---- Material provided
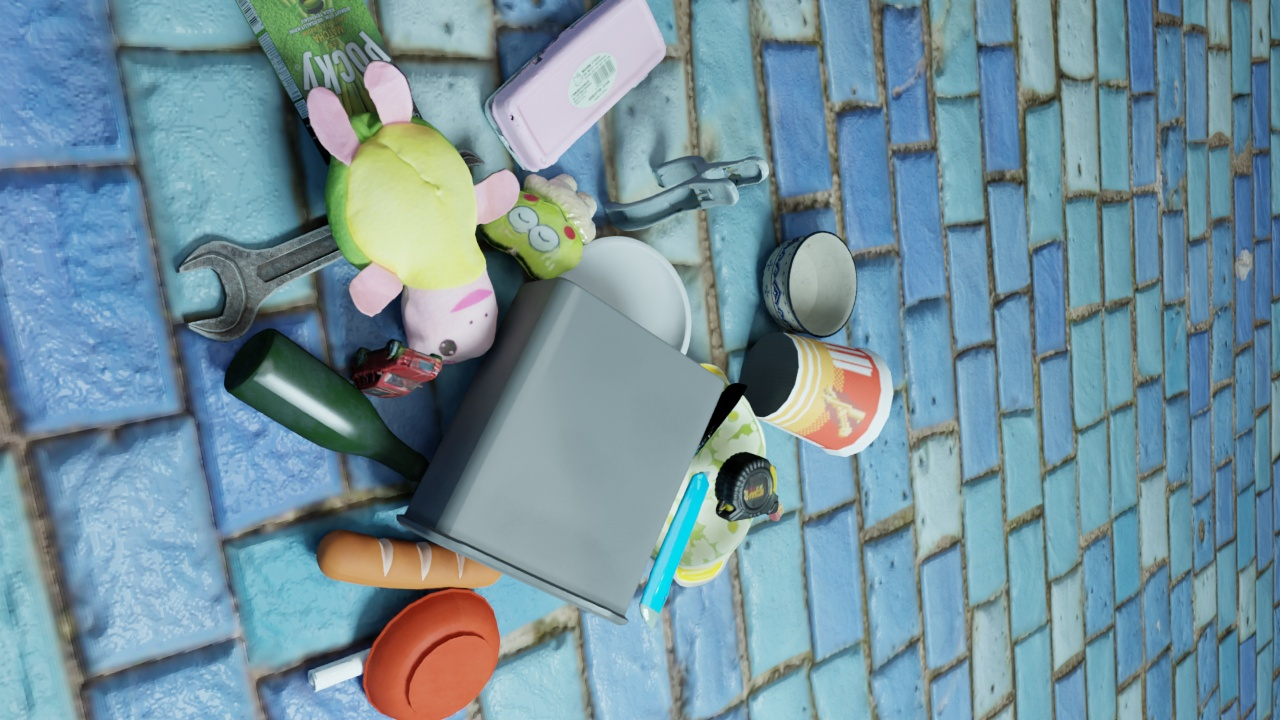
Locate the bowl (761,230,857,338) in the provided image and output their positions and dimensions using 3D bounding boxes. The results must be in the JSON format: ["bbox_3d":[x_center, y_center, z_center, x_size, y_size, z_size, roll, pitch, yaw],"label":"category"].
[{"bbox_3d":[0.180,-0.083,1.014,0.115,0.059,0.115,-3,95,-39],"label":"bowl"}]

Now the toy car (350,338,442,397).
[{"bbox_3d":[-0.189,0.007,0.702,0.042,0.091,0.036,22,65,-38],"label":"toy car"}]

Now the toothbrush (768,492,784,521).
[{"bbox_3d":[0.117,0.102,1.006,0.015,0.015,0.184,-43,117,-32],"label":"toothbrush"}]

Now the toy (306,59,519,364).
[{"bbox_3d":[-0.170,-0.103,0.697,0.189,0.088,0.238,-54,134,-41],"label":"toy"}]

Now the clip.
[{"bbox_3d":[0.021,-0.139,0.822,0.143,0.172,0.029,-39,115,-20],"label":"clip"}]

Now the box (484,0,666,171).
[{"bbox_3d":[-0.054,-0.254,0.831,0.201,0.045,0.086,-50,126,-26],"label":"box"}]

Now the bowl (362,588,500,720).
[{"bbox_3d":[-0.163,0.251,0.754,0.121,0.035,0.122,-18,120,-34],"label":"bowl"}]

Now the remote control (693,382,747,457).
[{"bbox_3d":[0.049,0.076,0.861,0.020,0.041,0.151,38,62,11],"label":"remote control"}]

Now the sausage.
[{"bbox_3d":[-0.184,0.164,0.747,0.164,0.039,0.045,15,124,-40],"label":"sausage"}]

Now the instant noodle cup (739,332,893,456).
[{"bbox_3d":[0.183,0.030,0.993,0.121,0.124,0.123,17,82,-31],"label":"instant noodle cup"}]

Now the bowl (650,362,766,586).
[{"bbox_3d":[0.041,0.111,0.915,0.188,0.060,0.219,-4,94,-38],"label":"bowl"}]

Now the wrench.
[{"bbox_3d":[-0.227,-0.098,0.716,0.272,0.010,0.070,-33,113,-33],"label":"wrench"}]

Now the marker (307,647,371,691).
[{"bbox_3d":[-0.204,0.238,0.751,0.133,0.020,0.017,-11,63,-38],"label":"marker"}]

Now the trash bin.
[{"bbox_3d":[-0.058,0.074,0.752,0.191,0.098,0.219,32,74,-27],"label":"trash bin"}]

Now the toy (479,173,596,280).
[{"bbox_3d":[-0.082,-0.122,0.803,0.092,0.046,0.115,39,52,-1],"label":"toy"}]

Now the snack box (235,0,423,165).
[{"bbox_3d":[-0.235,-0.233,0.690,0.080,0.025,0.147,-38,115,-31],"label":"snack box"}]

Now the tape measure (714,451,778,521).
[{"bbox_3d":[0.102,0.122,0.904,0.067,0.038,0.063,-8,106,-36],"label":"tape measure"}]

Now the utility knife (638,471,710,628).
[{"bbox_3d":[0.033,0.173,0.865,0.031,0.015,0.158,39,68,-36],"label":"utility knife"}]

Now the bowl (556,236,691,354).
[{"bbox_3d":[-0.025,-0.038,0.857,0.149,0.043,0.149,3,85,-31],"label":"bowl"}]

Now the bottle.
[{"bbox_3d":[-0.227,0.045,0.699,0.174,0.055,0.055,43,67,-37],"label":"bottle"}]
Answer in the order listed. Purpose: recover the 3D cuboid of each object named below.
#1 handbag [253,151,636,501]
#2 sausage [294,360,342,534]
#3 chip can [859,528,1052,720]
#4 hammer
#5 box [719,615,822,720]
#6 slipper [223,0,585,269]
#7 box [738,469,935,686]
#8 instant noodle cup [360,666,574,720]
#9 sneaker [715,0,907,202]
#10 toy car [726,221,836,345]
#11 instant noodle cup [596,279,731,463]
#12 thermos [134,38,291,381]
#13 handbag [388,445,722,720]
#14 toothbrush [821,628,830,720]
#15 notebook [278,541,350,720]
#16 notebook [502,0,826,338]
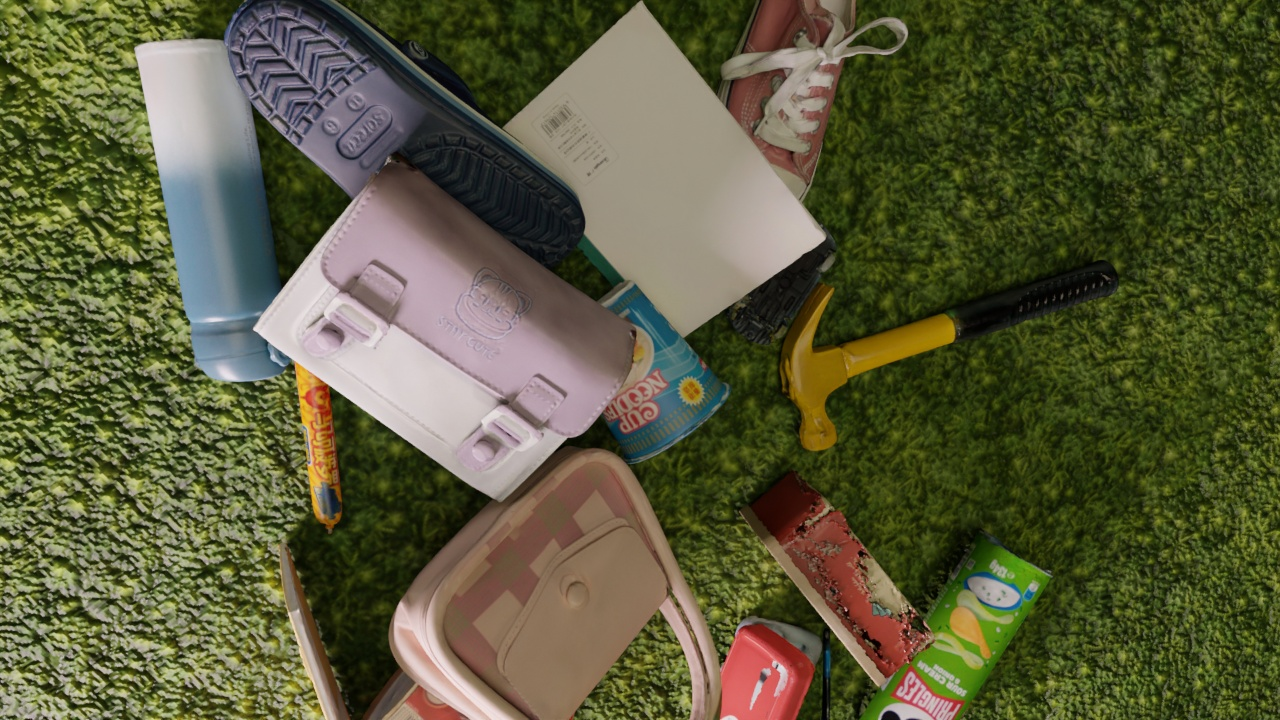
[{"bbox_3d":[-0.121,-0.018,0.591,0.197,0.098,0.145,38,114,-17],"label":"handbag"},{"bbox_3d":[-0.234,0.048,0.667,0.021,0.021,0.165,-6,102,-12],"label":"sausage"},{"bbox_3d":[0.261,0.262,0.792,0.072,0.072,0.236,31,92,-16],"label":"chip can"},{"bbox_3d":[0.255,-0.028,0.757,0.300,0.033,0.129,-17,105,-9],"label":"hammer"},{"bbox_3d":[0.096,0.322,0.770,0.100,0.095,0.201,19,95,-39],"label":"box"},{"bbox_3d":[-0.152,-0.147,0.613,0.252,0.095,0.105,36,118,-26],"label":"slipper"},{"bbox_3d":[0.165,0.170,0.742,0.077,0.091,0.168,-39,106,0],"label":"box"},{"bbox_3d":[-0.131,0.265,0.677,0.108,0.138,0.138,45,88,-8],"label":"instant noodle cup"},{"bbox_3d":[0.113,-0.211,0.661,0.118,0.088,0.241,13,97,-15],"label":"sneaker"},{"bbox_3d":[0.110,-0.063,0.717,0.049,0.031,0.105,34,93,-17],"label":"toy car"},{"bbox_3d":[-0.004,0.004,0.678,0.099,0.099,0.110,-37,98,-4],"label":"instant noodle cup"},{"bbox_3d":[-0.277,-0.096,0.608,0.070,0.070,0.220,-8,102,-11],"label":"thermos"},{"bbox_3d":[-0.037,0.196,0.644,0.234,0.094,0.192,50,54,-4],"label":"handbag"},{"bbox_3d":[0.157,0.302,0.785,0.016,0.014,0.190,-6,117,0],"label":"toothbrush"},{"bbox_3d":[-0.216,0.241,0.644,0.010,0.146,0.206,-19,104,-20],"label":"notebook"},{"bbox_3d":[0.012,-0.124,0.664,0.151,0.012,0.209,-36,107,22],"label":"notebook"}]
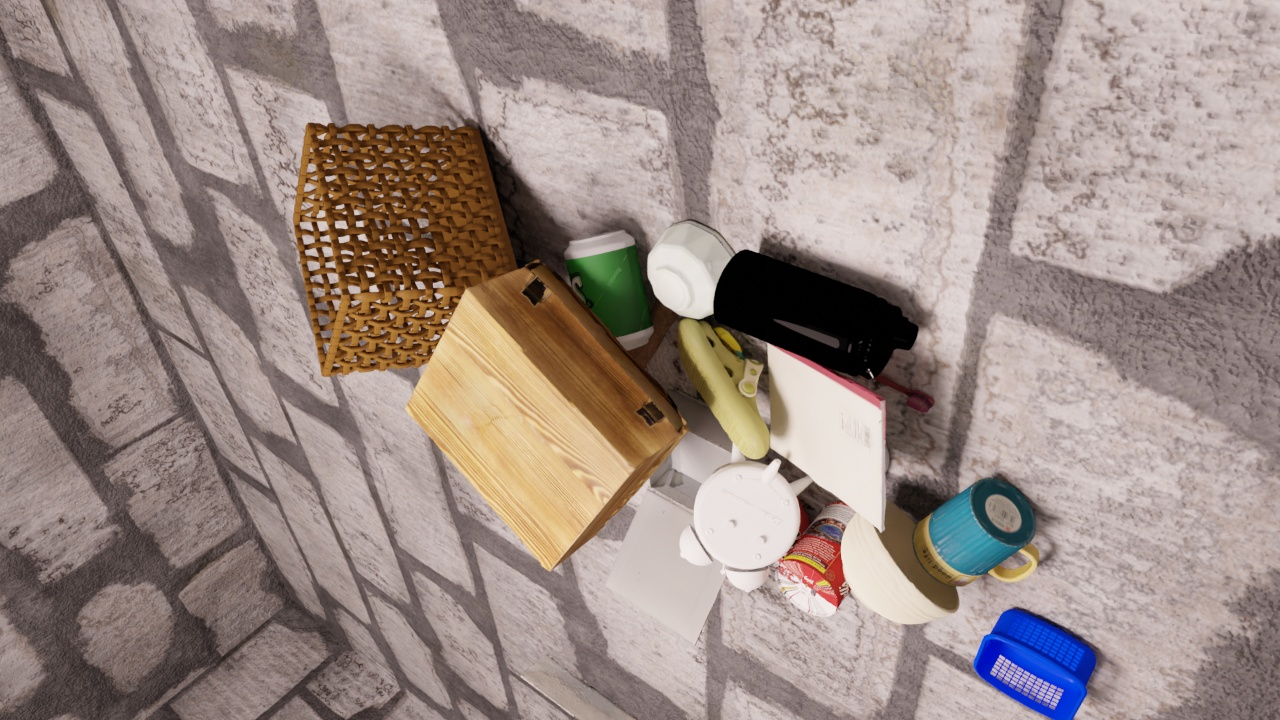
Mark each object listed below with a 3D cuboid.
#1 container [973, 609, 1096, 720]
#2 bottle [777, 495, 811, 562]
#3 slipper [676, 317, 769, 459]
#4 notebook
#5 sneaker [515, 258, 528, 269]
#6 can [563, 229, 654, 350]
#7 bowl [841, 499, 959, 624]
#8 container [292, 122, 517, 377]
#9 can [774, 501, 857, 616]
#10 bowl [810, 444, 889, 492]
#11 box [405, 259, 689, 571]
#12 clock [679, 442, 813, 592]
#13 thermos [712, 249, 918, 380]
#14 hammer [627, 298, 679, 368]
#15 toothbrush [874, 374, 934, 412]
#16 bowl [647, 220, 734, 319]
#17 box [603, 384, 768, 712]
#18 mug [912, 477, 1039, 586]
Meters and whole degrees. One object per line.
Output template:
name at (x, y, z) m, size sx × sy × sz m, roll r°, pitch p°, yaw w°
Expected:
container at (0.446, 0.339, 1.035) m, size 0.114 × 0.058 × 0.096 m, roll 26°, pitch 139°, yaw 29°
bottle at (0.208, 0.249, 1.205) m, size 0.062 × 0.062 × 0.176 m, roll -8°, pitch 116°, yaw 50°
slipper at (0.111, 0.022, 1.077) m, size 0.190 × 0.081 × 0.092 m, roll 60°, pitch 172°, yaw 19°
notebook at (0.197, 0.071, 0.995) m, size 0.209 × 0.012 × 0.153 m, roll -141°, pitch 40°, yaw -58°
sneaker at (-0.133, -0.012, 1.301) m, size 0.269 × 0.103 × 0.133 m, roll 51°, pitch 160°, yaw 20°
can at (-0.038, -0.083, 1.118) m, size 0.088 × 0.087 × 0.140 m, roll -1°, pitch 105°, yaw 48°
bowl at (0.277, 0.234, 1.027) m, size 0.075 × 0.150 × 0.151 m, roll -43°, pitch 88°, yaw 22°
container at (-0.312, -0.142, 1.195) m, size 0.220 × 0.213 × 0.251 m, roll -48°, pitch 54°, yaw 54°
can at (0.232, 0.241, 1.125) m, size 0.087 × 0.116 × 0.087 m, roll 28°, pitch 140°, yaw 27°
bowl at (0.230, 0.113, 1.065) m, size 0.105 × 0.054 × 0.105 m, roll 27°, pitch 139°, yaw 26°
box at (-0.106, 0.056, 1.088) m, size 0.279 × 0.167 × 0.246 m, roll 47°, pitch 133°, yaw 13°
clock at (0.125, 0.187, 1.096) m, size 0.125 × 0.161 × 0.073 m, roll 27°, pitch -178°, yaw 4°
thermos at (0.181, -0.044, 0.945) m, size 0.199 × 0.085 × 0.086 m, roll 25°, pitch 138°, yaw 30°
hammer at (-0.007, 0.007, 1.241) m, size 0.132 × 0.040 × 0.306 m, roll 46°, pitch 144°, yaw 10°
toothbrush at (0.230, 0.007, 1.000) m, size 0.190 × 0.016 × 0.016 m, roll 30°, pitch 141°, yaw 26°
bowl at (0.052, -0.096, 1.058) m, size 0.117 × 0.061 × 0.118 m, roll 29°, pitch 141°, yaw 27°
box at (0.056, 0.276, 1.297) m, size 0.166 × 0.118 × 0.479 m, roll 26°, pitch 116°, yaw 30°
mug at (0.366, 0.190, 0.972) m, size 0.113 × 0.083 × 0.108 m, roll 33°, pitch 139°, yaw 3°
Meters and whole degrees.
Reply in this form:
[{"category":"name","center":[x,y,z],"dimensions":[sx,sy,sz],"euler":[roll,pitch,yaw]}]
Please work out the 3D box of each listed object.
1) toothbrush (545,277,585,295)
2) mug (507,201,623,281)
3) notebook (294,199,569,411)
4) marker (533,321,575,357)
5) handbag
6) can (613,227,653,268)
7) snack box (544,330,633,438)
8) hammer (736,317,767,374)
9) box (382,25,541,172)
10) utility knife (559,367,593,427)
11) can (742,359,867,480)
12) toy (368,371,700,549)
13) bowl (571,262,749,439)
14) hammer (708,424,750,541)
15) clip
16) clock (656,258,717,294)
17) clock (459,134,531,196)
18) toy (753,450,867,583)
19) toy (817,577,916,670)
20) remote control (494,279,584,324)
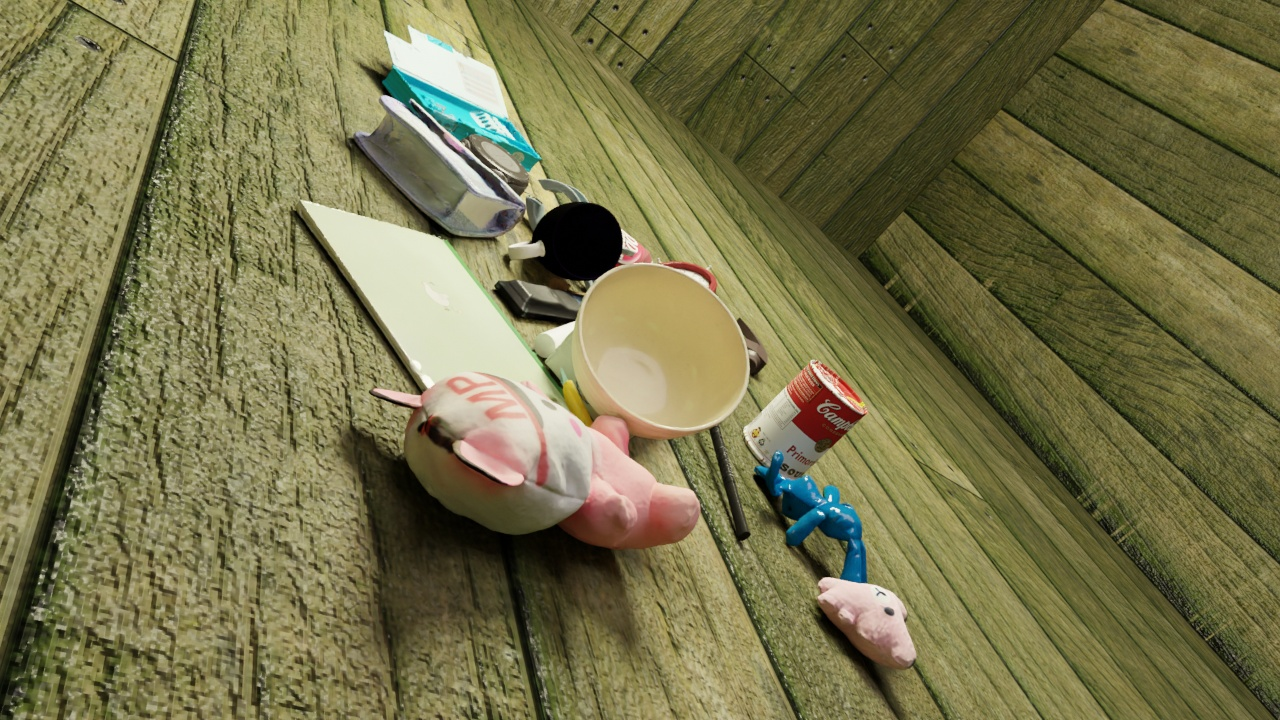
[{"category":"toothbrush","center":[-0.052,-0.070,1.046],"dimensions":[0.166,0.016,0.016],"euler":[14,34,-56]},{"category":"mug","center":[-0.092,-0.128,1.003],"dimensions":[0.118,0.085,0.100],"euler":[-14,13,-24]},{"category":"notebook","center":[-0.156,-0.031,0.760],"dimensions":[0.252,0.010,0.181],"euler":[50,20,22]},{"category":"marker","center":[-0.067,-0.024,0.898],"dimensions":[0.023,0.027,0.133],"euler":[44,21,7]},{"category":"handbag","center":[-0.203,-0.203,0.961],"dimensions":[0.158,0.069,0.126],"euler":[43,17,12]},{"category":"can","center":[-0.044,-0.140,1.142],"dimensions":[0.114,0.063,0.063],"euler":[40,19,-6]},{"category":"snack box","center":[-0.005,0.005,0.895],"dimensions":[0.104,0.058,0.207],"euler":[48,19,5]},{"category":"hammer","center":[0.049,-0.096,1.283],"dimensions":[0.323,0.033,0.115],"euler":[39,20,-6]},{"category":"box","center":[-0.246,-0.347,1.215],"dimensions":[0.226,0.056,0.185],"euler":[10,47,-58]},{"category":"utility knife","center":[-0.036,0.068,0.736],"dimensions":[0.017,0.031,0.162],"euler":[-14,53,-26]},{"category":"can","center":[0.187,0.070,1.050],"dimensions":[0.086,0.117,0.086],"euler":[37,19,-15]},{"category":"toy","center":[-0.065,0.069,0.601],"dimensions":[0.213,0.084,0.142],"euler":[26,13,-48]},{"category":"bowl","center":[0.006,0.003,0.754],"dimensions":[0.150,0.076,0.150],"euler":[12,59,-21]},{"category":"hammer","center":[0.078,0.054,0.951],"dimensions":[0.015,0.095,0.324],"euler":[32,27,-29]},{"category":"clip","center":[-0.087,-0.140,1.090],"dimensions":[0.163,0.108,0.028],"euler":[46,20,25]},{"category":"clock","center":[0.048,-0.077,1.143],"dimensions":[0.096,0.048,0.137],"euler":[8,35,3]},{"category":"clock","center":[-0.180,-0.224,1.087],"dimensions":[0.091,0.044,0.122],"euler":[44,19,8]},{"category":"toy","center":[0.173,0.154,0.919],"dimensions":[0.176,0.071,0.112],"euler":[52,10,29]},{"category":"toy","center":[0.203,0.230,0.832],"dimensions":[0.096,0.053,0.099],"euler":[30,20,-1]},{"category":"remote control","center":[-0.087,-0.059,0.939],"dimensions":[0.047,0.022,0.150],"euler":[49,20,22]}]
--------
*What you should do*:
Repeat, exactly as they stand above, the lines from the line with "#11 box [405, 259, 689, 571]" to the line with "#18 mug [912, 477, 1039, 586]", both lines included.

*Solution for this exercise*:
#11 box [405, 259, 689, 571]
#12 clock [679, 442, 813, 592]
#13 thermos [712, 249, 918, 380]
#14 hammer [627, 298, 679, 368]
#15 toothbrush [874, 374, 934, 412]
#16 bowl [647, 220, 734, 319]
#17 box [603, 384, 768, 712]
#18 mug [912, 477, 1039, 586]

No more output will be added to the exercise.